19:37:44 Concurrency: 1 threads (target='dev')
19:37:44
19:37:44 1 of 23 START test dbt_expectations_expect_column_max_to_be_between_citi_trips_minutes_trip_duration_min__326000__16 [RUN]
19:37:49 1 of 23 PASS dbt_expectations_expect_column_max_to_be_between_citi_trips_minutes_trip_duration_min__326000__16 [PASS in 5.51s]
19:37:49 2 of 23 START test dbt_expectations_expect_column_max_to_be_between_citi_trips_round_trip_duration_min__326000__16 [RUN]
19:37:53 2 of 23 PASS
-- snip --
Nevertheless, we remain with visualizing our exposure.
15.3 Visualizing the exposure
Visualizing exposures is as simple as just generating your dbt documentation. This is actually the default way of displaying exposures. It begins with dbt docs generate
and dbt docs serve
. Afterwards, open the dbt documentation static web page in the port number provided. Ours is localhost:/8080
.
You will notice that there is a dedicated section for exposures called Exposures
. The exposure title is Dashboard
and the label for the exposure is the label
value provided in the YAML.
If you click on the blue lineage graph button, you will see the upstream models that feed into our exposure.
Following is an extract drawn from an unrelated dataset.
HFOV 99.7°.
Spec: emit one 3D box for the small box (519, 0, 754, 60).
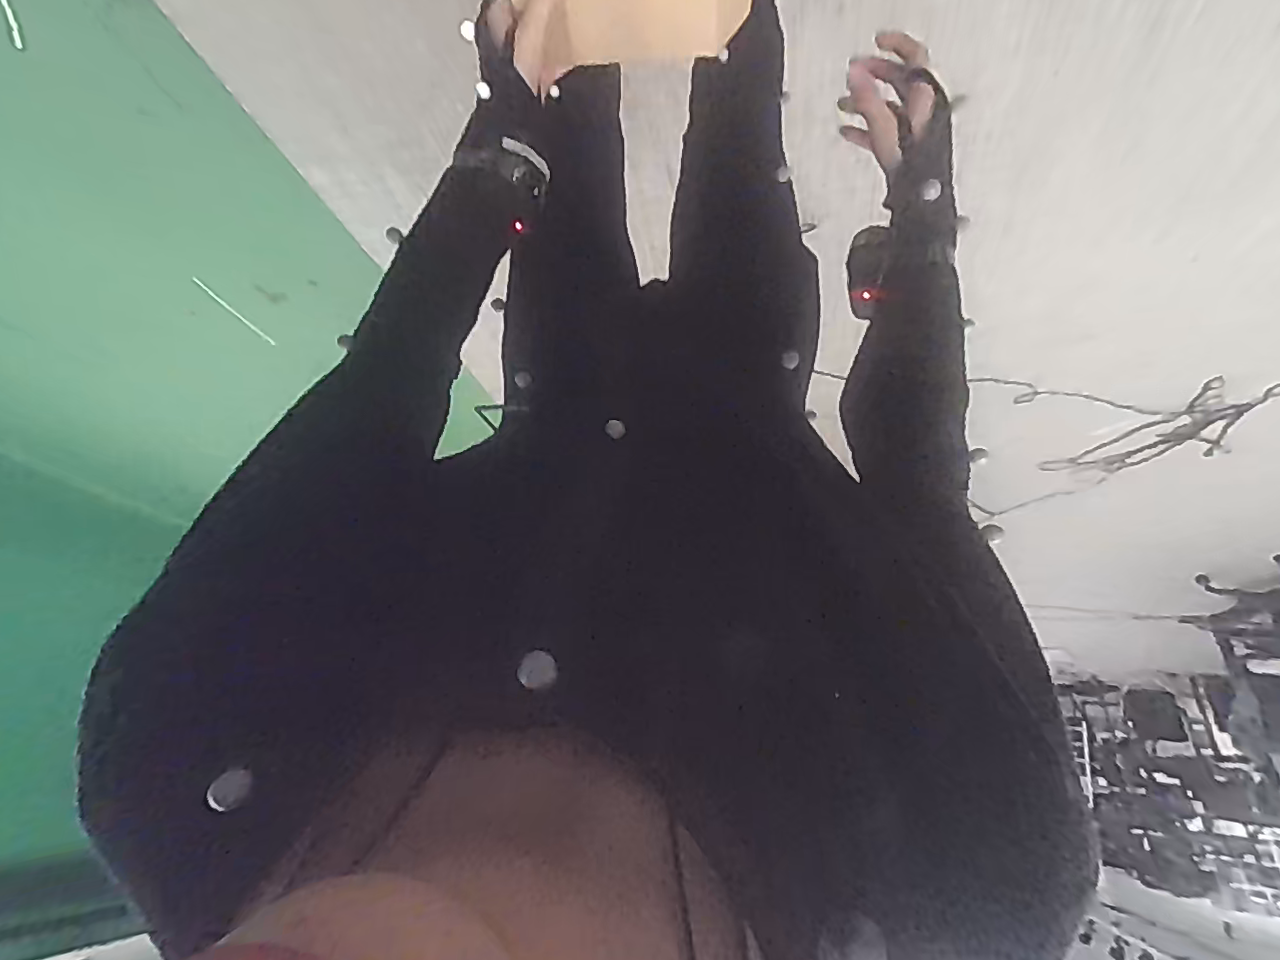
[{"bbox_3d":[0.002,-0.463,0.439,0.179,0.176,0.168,9,141,15],"label":"small box"}]
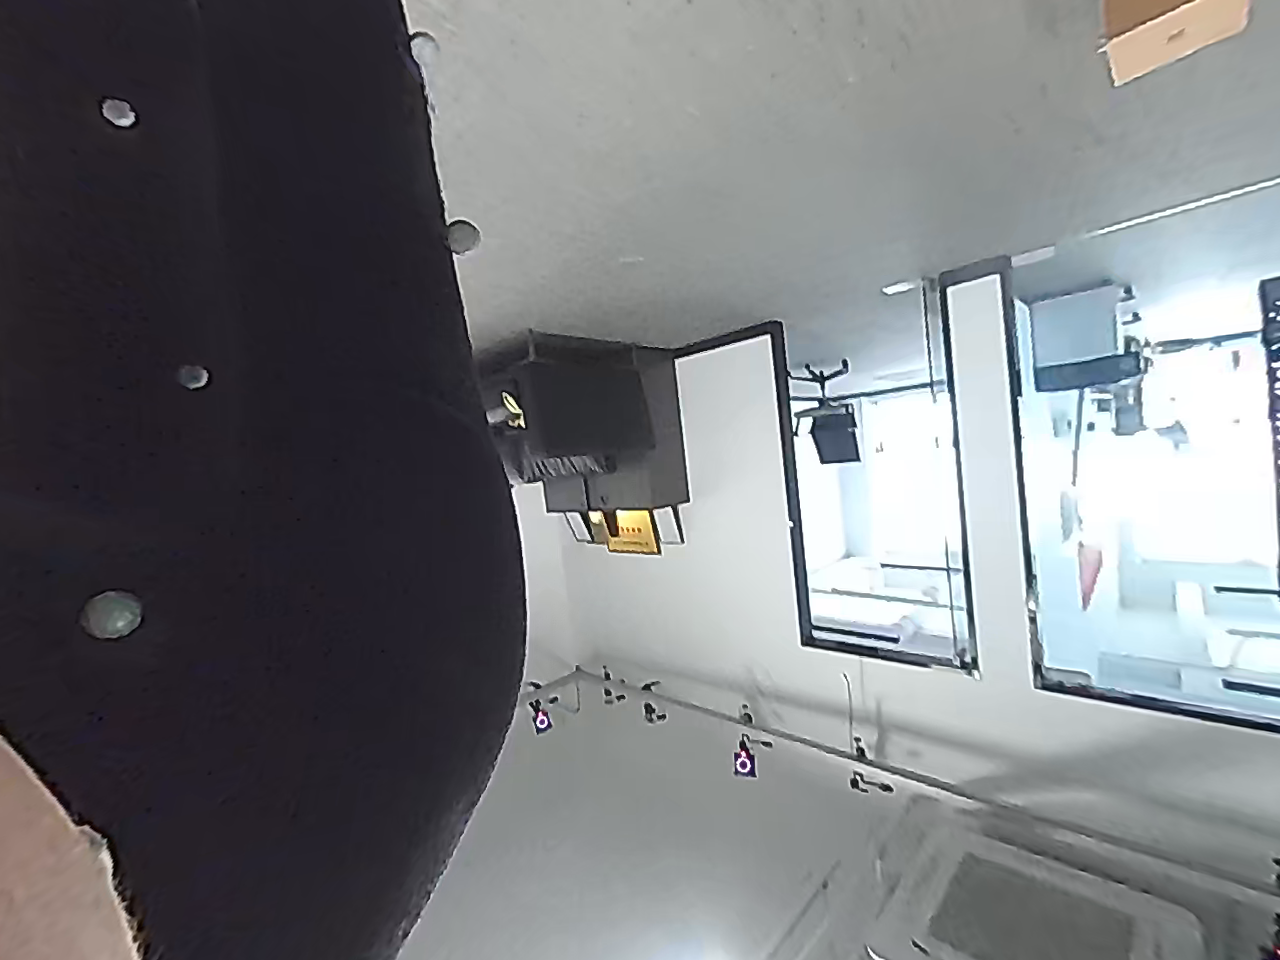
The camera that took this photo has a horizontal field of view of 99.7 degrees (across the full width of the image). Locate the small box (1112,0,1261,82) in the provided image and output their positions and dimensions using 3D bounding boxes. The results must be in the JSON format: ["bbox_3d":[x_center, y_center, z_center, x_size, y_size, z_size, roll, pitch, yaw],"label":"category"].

Still at the bottom of the webpage, the Depends on section contains links to all the upstream models and references for your exposure. Clicking on any takes you to the dbt documentation site for that model.
Finally, there is the View this exposure button. Clicking on it will take you to the url you specified in the url:
key of the exposures file. In our case, the url leads to a Dashboard showing all the public sanitation facilities in Australia. Obviously there is no relation between bikes and sanitation facilities. This was just for demonstration purposes only!
Working with exposures can be fun. You can add as many exposures as you wish. Below we extended the exposures
YAML to also include the following station_bikes_application
exposure.
-- snip --
- name: station_bikes_application
label: An app of stations and bike rides
type: application
maturity: high
url: https://data-visualization-for-diarrhoea-deaths.onrender.com/
description: '{{ doc("citi_trips_round") }}'
depends_on:
- ref('citi_trips_long')
- ref('citi_trips_minutes') # Added this just to increase complexity of lineage graph
- source('nyc_bikes_nyc_bikes2014', '2014-tripdata')
owner:
name: Mr Fantastic
email: mrfantastic@unlike.com
Once again, to include this exposure, we run dbt run --select +exposure:station_bikes_application
. Thereafter create a documentation using the two sesame magic characters of dbt docs generate
and dbt docs serve
.
The above exposure of station_bikes_application
falls under the Application section as specified in the type
key.
The lineage graph and the View this exposure buttons work for this exposure as well. In fact this lineage graph is the most complex we’ve encountered in the course so far. The exposure took into consideration that the citi_trips_long
model is dependent on the citi_trips_minutes
and citi_trips_round
models!
The exposure button also leads to a dashboard showing rates of some sanitation related disease. Again, this dashboard is not related to bikes and stations but serves the purpose of demonstration.